We have a new bldg. being proposed and we are reviewing
the blueprints on it.....We are using the `12 Codes &
Standards, except for NFPA 72 which is the 2013 edition.

The plan is to have A\C mini-split units installed in multiple
locations, so there will not be any HVAC ducting.

We are using NFPA 72 and trying to determine if Smoke
Detectors are required........I see language in NFPA 72
related to installing the detectors in ducted systems, but
am having difficulty in locating the requirements for
non-ducted systems.

Any input will be greatly appreciated.

*% ~ %*


----------



## cda (May 11, 2018)

are you also using IMC?

No matter what, are the units over 2000 CFM???  More than likely not.

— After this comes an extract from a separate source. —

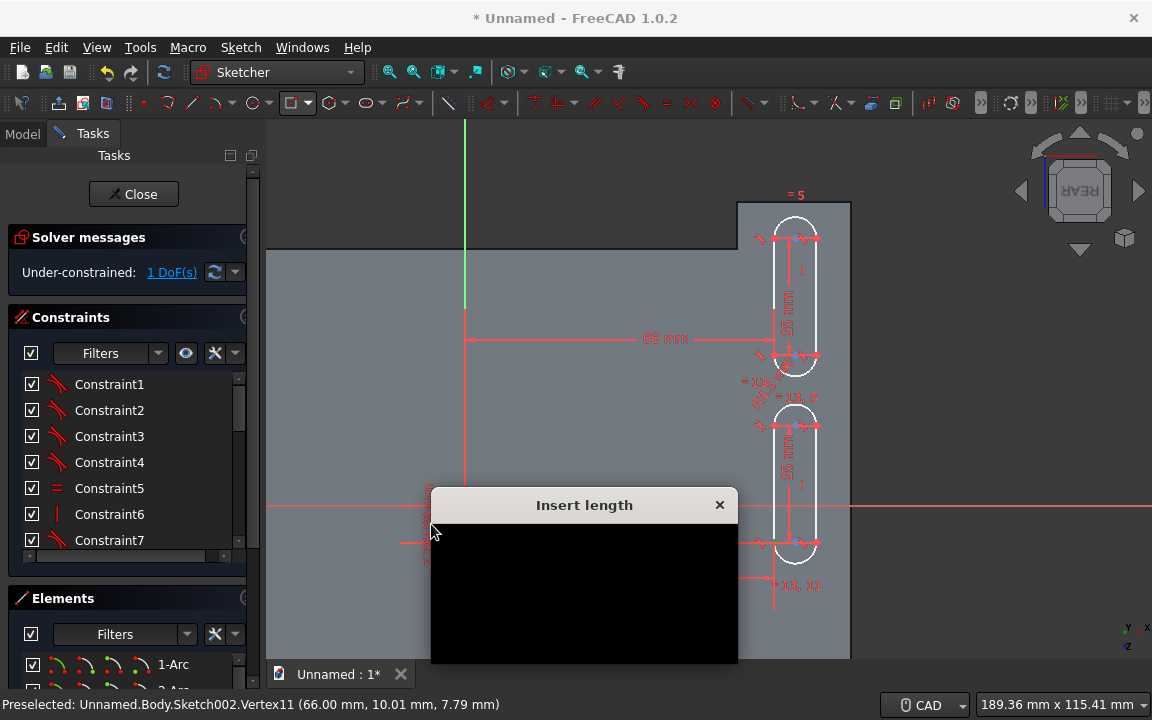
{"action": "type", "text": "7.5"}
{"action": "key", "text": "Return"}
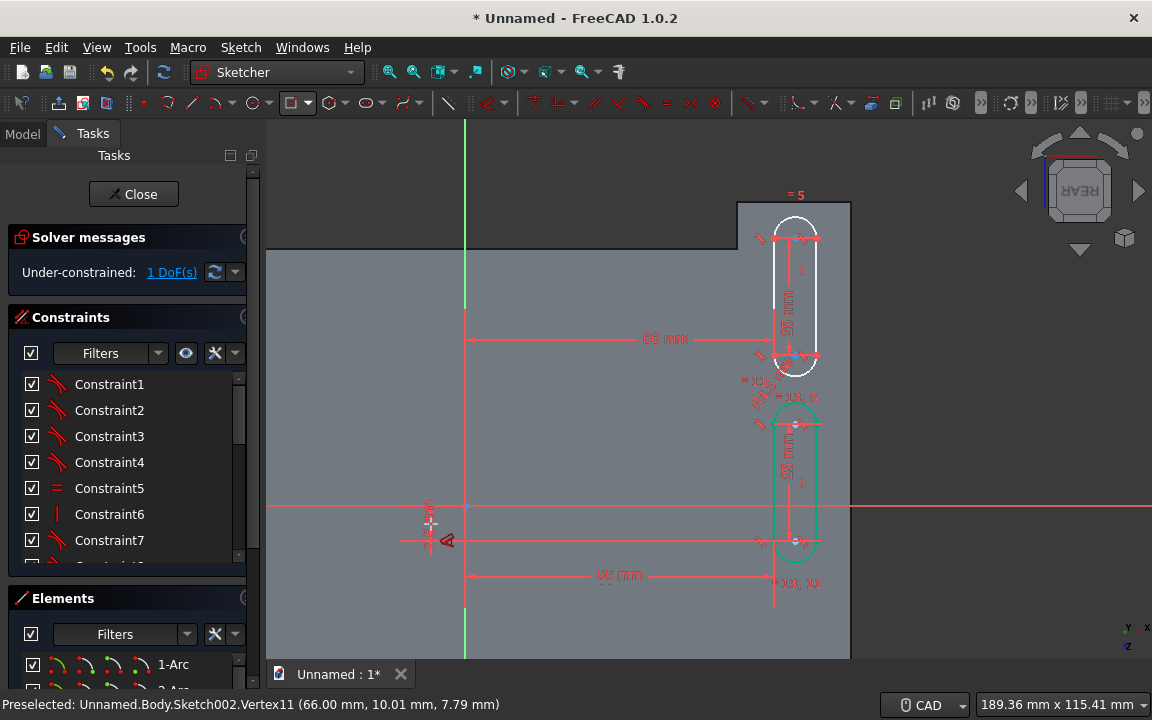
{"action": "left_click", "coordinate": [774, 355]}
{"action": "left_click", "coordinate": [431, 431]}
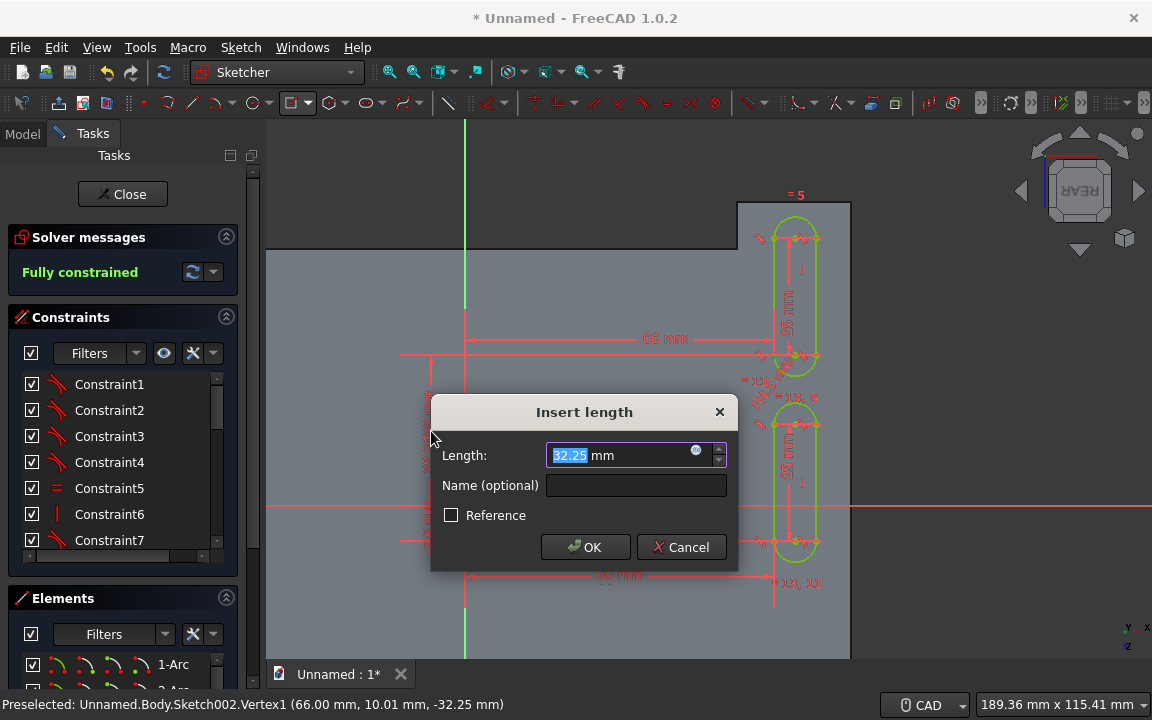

If not over, not required.

If over, than lets talk


----------



## Builder Bob (May 11, 2018)

mini-split units are not  larger enough to have an air handler of over 2000 cfm , thus not required for shutdown.


----------



## north star (May 11, 2018)

*$ ~ $*

Thanks for your input !

Yes, we are using the IMC and the UFC's.

Any Smokes required for open areas, with these
mini-splits ?

*$ ~ $*


----------



## cda (May 11, 2018)

Nope


----------



## TheCommish (May 13, 2018)

Duct smoke detection is in NFPA 90A,  6.4.2.1, since there are no ducts I would say that detection is not required


----------



## cda (May 13, 2018)

Don’t need ducks to require duck detection,,,

Only in hunting


----------



## steveray (May 14, 2018)

Typically the requirement goes away if there is not a way for the unit to spread the smoke beyond the room of origin...(no ducts)....In other words, if you are standing in a room full of smoke and thr RTU is recirculating it, who cares...


----------



## cda (May 14, 2018)

steveray said:


> Typically the requirement goes away if there is not a way for the unit to spread the smoke beyond the room of origin...(no ducts)....In other words, if you are standing in a room full of smoke and thr RTU is recirculating it, who cares...



Agree with the one hvac,, one room rule


----------